Degradation of chlorotetracycline and bacterial disinfection in livestock wastewater by ozone-based advanced oxidation

The simultaneous removal of antibiotics and antibiotic-resistant bacteria by ozone-based advanced oxidation technology (AOT) was investigated for the treatment of anaerobic digestion effluent of piggery wastewater. Chlorotetracycline (CTC) and CTC-resistant bacteria were selected as targets since CTC has been the most used antibiotics in livestock industries in Korea. The performance of four different combinations of oxidation agents was investigated, showing the order of removal rate as O3 < O3/H2O2 < O3/UV < O3/UV/H2O2 for wastewater. Applications of O3/UV/H2O2 and O3/UV degraded almost all CTC within 15 and 20 min, respectively.

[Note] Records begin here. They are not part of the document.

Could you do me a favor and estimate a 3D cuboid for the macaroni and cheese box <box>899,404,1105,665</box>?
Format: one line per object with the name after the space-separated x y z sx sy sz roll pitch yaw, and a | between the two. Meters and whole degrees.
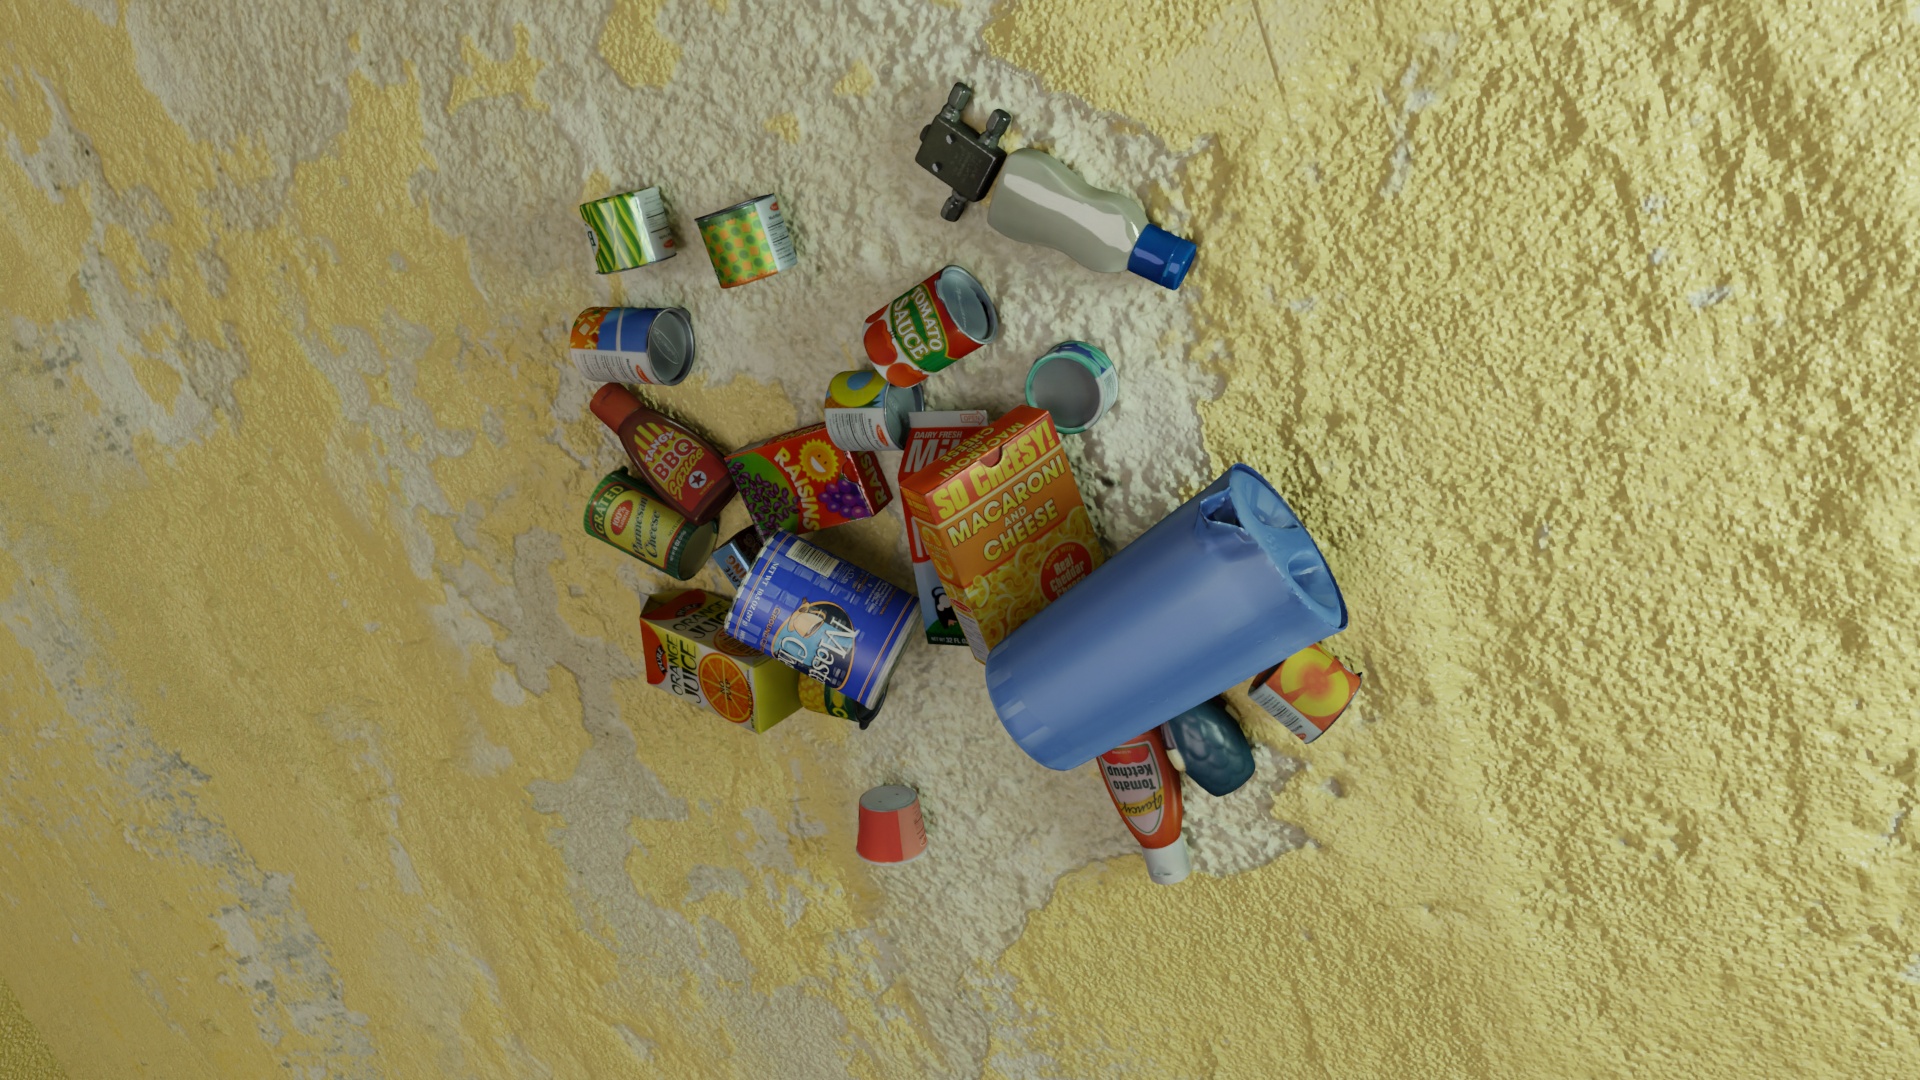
0.040 -0.001 1.060 0.040 0.124 0.165 22 141 54 | macaroni and cheese box

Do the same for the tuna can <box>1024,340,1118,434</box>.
0.082 -0.117 1.057 0.071 0.033 0.070 11 117 21 | tuna can

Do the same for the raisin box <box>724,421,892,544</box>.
-0.130 -0.053 1.188 0.123 0.040 0.086 -13 106 30 | raisin box

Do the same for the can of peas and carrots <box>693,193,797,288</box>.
-0.172 -0.237 1.104 0.071 0.071 0.058 -9 110 29 | can of peas and carrots

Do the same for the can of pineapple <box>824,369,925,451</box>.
-0.068 -0.106 1.118 0.058 0.071 0.070 1 114 26 | can of pineapple

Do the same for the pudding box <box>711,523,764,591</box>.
-0.180 0.031 1.245 0.030 0.050 0.083 -29 98 32 | pudding box

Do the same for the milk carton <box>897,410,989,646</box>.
0.004 -0.014 1.119 0.072 0.074 0.189 1 113 26 | milk carton

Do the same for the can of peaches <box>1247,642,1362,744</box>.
0.262 0.110 1.057 0.058 0.071 0.071 39 124 5 | can of peaches

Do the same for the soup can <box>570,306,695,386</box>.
-0.280 -0.170 1.193 0.084 0.072 0.071 6 116 25 | soup can

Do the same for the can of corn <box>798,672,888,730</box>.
-0.105 0.129 1.243 0.058 0.071 0.070 10 117 23 | can of corn

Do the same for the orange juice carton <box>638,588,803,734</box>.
-0.229 0.103 1.276 0.193 0.073 0.071 18 121 34 | orange juice carton

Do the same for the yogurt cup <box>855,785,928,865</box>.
-0.065 0.263 1.291 0.072 0.073 0.053 4 107 25 | yogurt cup

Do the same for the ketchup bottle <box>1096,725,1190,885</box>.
0.159 0.218 1.171 0.064 0.044 0.148 -9 109 29 | ketchup bottle

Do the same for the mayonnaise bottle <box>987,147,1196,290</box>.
0.095 -0.225 0.995 0.148 0.041 0.064 27 124 11 | mayonnaise bottle

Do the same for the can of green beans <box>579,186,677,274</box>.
-0.274 -0.256 1.146 0.071 0.071 0.057 -4 111 28 | can of green beans

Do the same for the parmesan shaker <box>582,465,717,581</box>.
-0.280 -0.016 1.264 0.103 0.071 0.071 25 122 13 | parmesan shaker

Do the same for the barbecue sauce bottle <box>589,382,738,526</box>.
-0.265 -0.082 1.231 0.149 0.043 0.065 41 84 11 | barbecue sauce bottle

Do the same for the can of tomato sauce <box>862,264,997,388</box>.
-0.025 -0.163 1.065 0.083 0.071 0.071 -26 100 34 | can of tomato sauce
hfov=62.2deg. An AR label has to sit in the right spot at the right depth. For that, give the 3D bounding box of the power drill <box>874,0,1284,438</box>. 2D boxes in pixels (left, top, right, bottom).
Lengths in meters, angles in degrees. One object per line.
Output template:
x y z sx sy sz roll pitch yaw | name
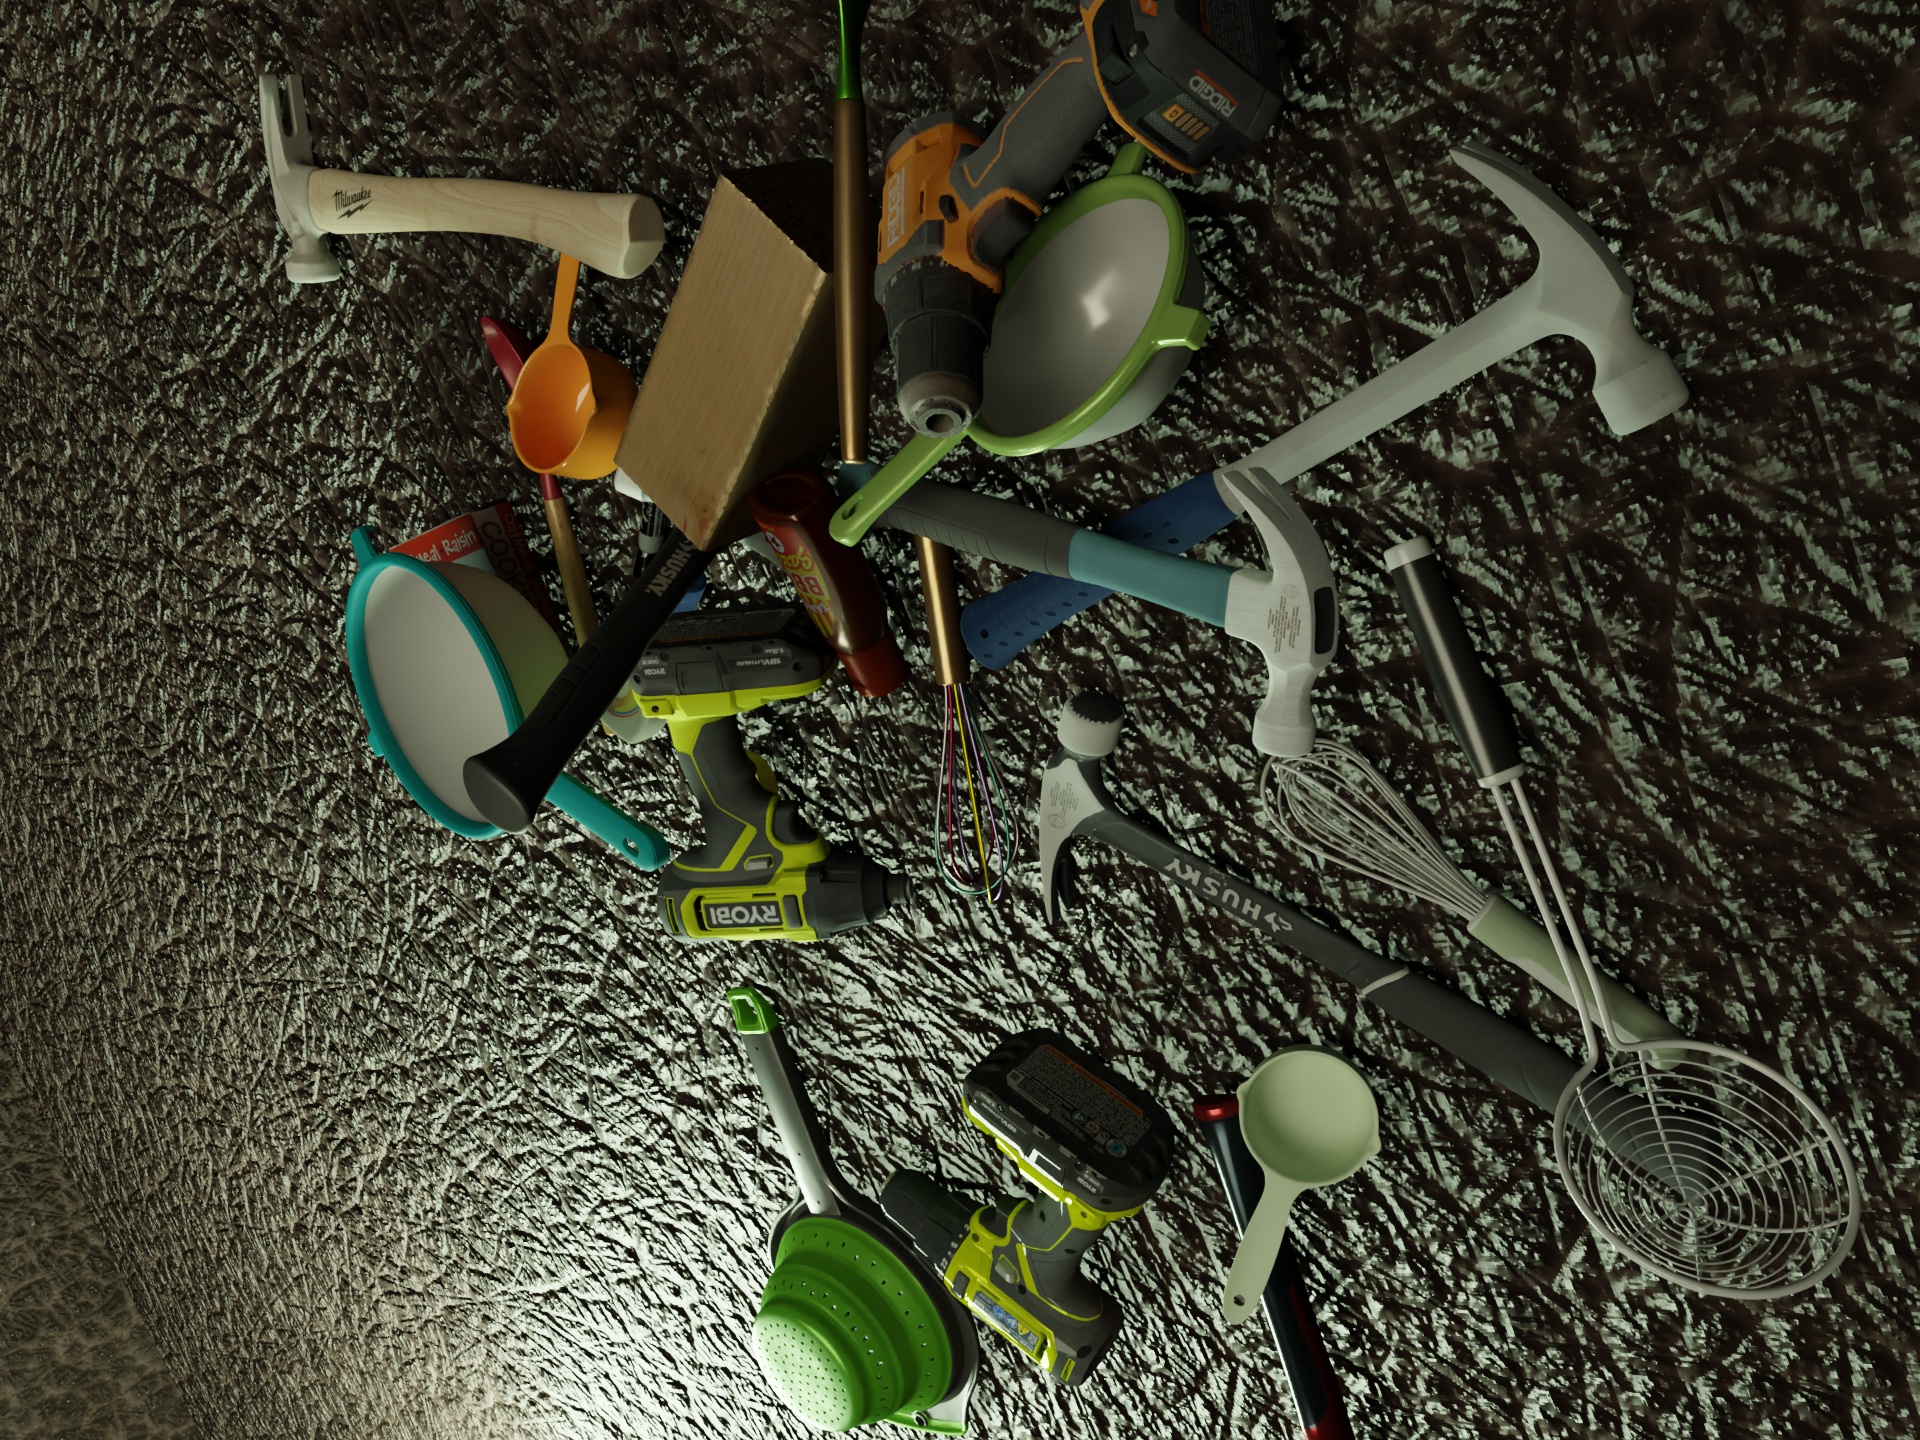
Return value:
0.040 -0.250 0.742 0.226 0.084 0.185 -30 49 42 | power drill

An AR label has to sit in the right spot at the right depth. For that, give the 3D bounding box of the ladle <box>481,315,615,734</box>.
-0.287 -0.135 1.146 0.069 0.031 0.315 26 130 57 | ladle

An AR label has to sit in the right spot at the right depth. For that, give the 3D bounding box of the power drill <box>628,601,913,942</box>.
-0.128 0.041 1.051 0.171 0.080 0.223 -4 112 12 | power drill

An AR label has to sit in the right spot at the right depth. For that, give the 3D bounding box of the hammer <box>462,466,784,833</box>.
-0.185 -0.049 0.908 0.146 0.335 0.035 24 128 -2 | hammer

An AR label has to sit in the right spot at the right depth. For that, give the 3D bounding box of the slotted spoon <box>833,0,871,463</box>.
-0.055 -0.290 0.816 0.031 0.070 0.314 1 94 20 | slotted spoon

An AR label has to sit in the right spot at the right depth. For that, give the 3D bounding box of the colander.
-0.120 0.399 1.213 0.204 0.094 0.397 -12 103 41 | colander

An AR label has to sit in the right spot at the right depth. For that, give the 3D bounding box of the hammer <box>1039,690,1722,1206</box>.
0.211 0.136 0.868 0.409 0.036 0.149 30 127 25 | hammer

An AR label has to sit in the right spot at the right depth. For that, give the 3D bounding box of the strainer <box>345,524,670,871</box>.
-0.294 -0.001 1.106 0.341 0.095 0.210 30 128 29 | strainer

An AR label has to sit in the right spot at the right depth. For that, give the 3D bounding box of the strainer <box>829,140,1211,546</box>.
0.035 -0.159 0.815 0.256 0.069 0.152 -38 43 32 | strainer

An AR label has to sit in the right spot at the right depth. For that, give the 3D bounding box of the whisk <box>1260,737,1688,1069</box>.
0.257 0.093 0.804 0.246 0.059 0.057 38 168 14 | whisk

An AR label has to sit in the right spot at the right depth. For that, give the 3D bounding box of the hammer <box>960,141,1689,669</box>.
0.141 -0.126 0.802 0.405 0.035 0.144 -28 91 43 | hammer

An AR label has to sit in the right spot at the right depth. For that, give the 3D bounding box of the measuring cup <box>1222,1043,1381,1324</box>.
0.184 0.263 0.906 0.083 0.038 0.167 20 98 14 | measuring cup

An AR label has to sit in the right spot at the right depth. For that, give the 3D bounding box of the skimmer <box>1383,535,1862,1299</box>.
0.287 0.078 0.728 0.090 0.127 0.363 141 108 -76 | skimmer

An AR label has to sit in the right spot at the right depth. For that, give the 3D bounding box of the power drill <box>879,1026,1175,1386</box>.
0.038 0.318 1.064 0.191 0.080 0.228 33 130 23 | power drill

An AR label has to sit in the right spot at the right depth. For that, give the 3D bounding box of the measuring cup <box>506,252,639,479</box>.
-0.247 -0.246 1.057 0.095 0.052 0.173 7 90 39 | measuring cup

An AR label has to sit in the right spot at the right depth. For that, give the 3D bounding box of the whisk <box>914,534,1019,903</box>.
-0.002 -0.003 0.973 0.051 0.047 0.245 -2 105 27 | whisk

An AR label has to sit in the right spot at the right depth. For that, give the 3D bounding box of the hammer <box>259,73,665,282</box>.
-0.347 -0.357 1.070 0.411 0.038 0.146 17 119 36 | hammer

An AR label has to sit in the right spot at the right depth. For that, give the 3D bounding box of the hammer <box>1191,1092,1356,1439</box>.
0.204 0.408 0.942 0.038 0.143 0.386 -15 96 42 | hammer

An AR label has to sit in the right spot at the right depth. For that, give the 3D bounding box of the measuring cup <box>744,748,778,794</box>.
-0.123 0.083 1.123 0.156 0.029 0.062 48 124 -6 | measuring cup

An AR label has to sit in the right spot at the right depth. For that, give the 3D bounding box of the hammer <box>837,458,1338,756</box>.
0.052 -0.090 0.840 0.331 0.033 0.128 22 116 40 | hammer

Only 30% of CTC was degraded even in 40 min by O3 alone and O3/H2O2 degraded 65% of CTC in 40 min. The combination of ozone/H2O2 did not contribute significantly to CTC degradation, but the influence of UV was substantial when coupled with ozone. CTC was partially degraded during oxidation although main HPLC peak was completely vanished. The resulting intermediates of partially oxidized CTC possessed no more antibiotic capability, suggesting that CTC transformed into nontoxic organic constituents. For disinfection, ozone alone was not effective for disinfection; less than 2-log reduction was achieved in 1 h. UV was more superior in reducing bacterial population, showing more than 4-log reduction in 20 min and 5-log reduction in 40 min. UV was also effective in reducing both total and CTC-resistant bacterial population, and the contribution ratio of UV to ozone was about 3:1 in logarithmic scale. The application of O3/UV together further enhanced the disinfection performance compared to UV alone.